The CCA would come close to implementing a low-carbon product standard (LCPS), which World Resources Institute explored for the cement and steel industries. As described in this research, an LCPS would create a credit trading system similar to an emissions trading system, where products whose emissions intensity was lower than the benchmark would earn tradeable credits and products with a higher emissions intensity would have to surrender credits. The system could also be implemented with a fee-bate approach, where rebates would be paid to those who earned credits and a fee would be paid by those who owed them.
While both a CCA and LCPS would assess a product’s emissions intensity against a benchmark, an LCPS would create an additional layer of incentive for companies to make investments in significantly lowering their emissions, particularly in the early years of the program. Rather than just avoiding a fee by beating the benchmark under the CCA, with a LCPS companies would earn money based on how far below the benchmark they were. This approach would provide strong financial incentives for both existing facilities and new entrants to invest in innovative technologies and processes that not just meet but significantly beat the benchmarks. As the benchmark approaches zero under CCA, more goods would fall on the fee side of the equation, so the difference between the two approaches would diminish over time.
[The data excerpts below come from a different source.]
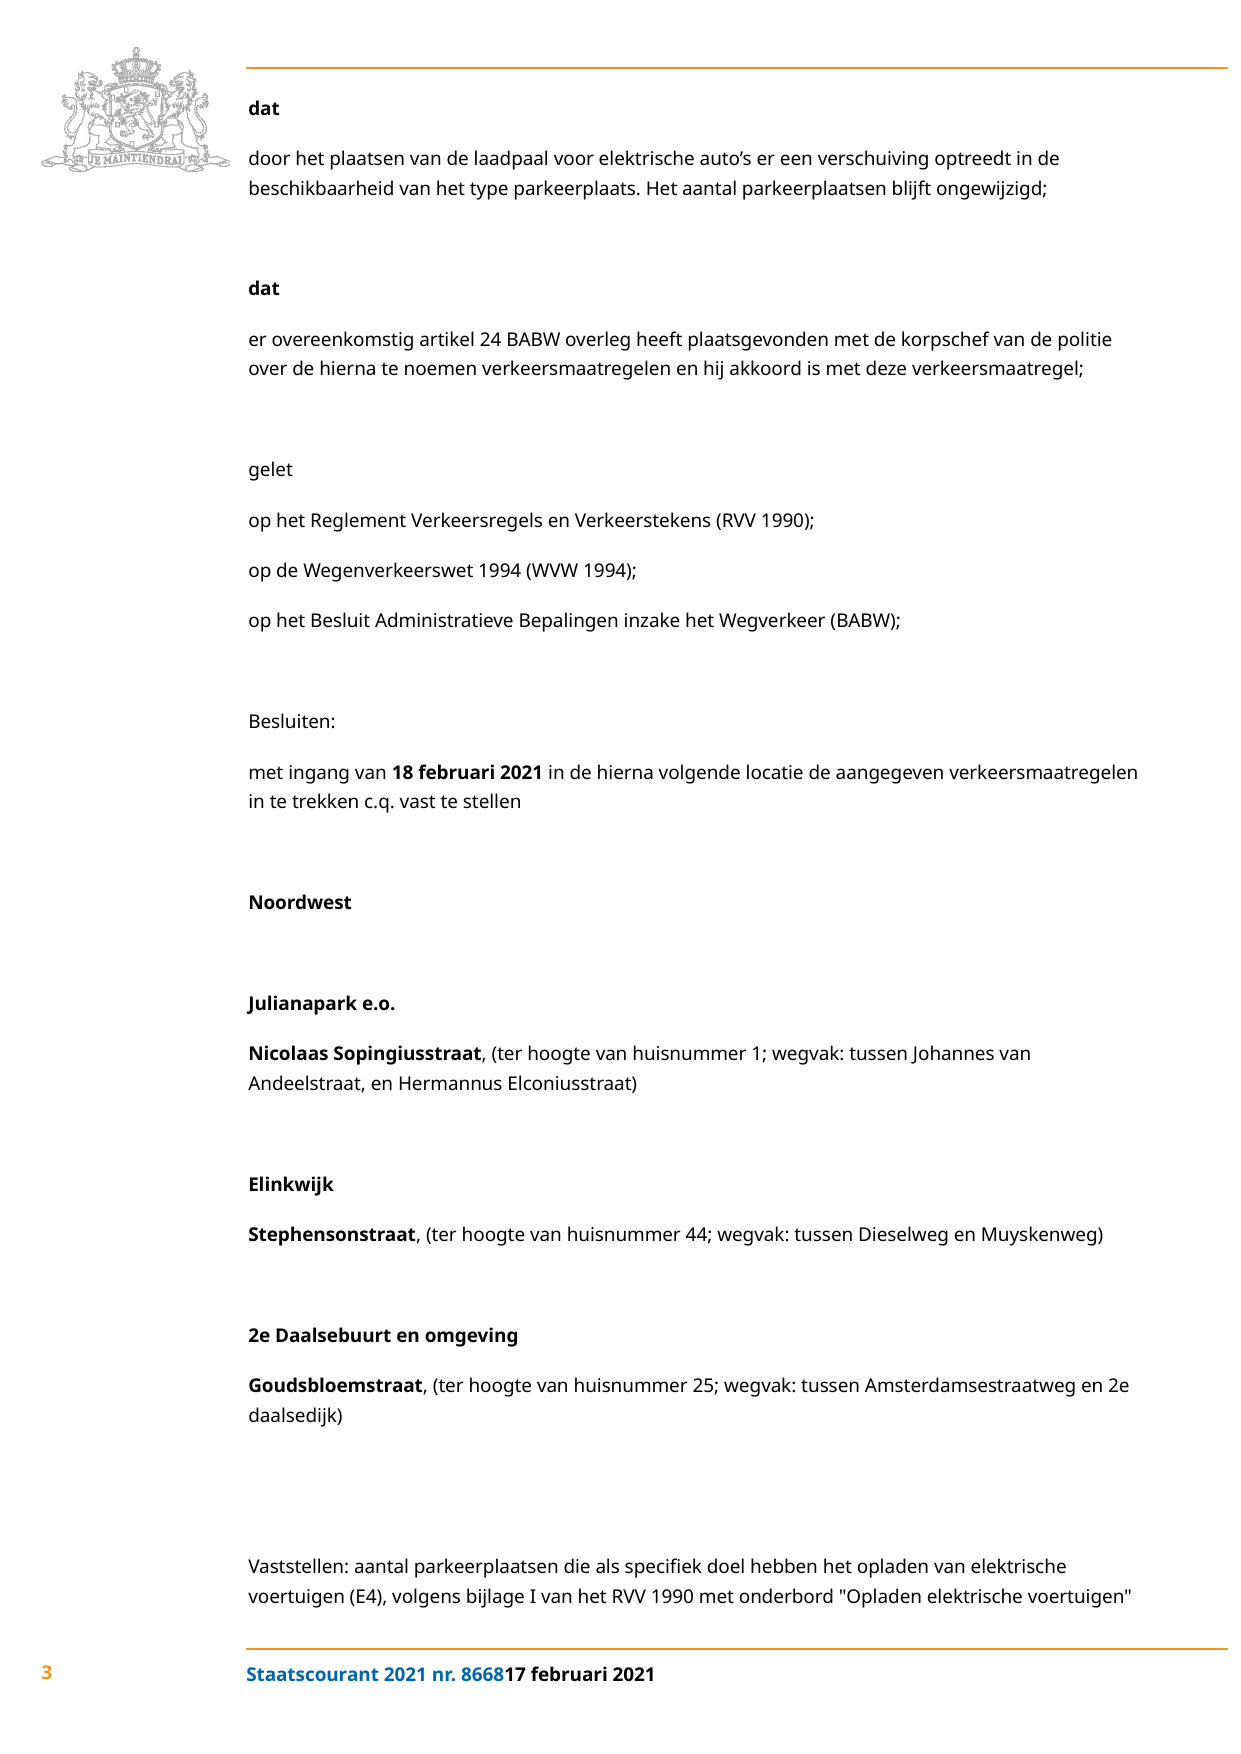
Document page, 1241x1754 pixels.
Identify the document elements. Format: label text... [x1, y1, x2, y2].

text dat [248, 95, 1152, 121]
text Stephensonstraat, (ter hoogte van huisnummer 44; wegvak: tussen Dieselweg en Muyskenweg) [248, 1221, 1152, 1247]
text 2e Daalsebuurt en omgeving [248, 1322, 1152, 1348]
picture [41, 47, 231, 172]
text Besluiten: [248, 708, 1152, 734]
text met ingang van 18 februari 2021 in de hierna volgende locatie de aangegeven verkeersmaatregelen in te trekken c.q. vast te stellen [248, 759, 1152, 814]
text dat [248, 276, 1152, 301]
text Noordwest [248, 889, 1152, 915]
text door het plaatsen van de laadpaal voor elektrische auto’s er een verschuiving optreedt in de beschikbaarheid van het type parkeerplaats. Het aantal parkeerplaatsen blijft ongewijzigd; [248, 145, 1152, 201]
text Goudsbloemstraat, (ter hoogte van huisnummer 25; wegvak: tussen Amsterdamsestraatweg en 2e daalsedijk) [248, 1373, 1152, 1428]
text Nicolaas Sopingiusstraat, (ter hoogte van huisnummer 1; wegvak: tussen Johannes van Andeelstraat, en Hermannus Elconiusstraat) [248, 1041, 1152, 1096]
text op het Reglement Verkeersregels en Verkeerstekens (RVV 1990); [248, 507, 1152, 533]
text op de Wegenverkeerswet 1994 (WVW 1994); [248, 557, 1152, 583]
text gelet [248, 456, 1152, 482]
text Julianapark e.o. [248, 990, 1152, 1016]
text er overeenkomstig artikel 24 BABW overleg heeft plaatsgevonden met de korpschef van de politie over de hierna te noemen verkeersmaatregelen en hij akkoord is met deze verkeersmaatregel; [248, 326, 1152, 381]
text op het Besluit Administratieve Bepalingen inzake het Wegverkeer (BABW); [248, 608, 1152, 633]
text Elinkwijk [248, 1171, 1152, 1197]
text Vaststellen: aantal parkeerplaatsen die als specifiek doel hebben het opladen van elektrische voertuigen (E4), volgens bijlage I van het RVV 1990 met onderbord "Opladen elektrische voertuigen" [248, 1553, 1152, 1609]

As policymakers look for ways to ensure that low-carbon U.S. manufacturers aren’t outcompeted by high-carbon imports, the U.S. should not simply rest on its current relatively clean manufacturing practices. A low-carbon product standard would ensure that manufacturers of both domestically produced and imported goods have strong incentives to decarbonize as soon as possible while also bolstering the competitiveness of clean U.S. manufacturers.
Kevin Kennedy is a senior fellow for the U.S. Climate Program at World Resources Institute.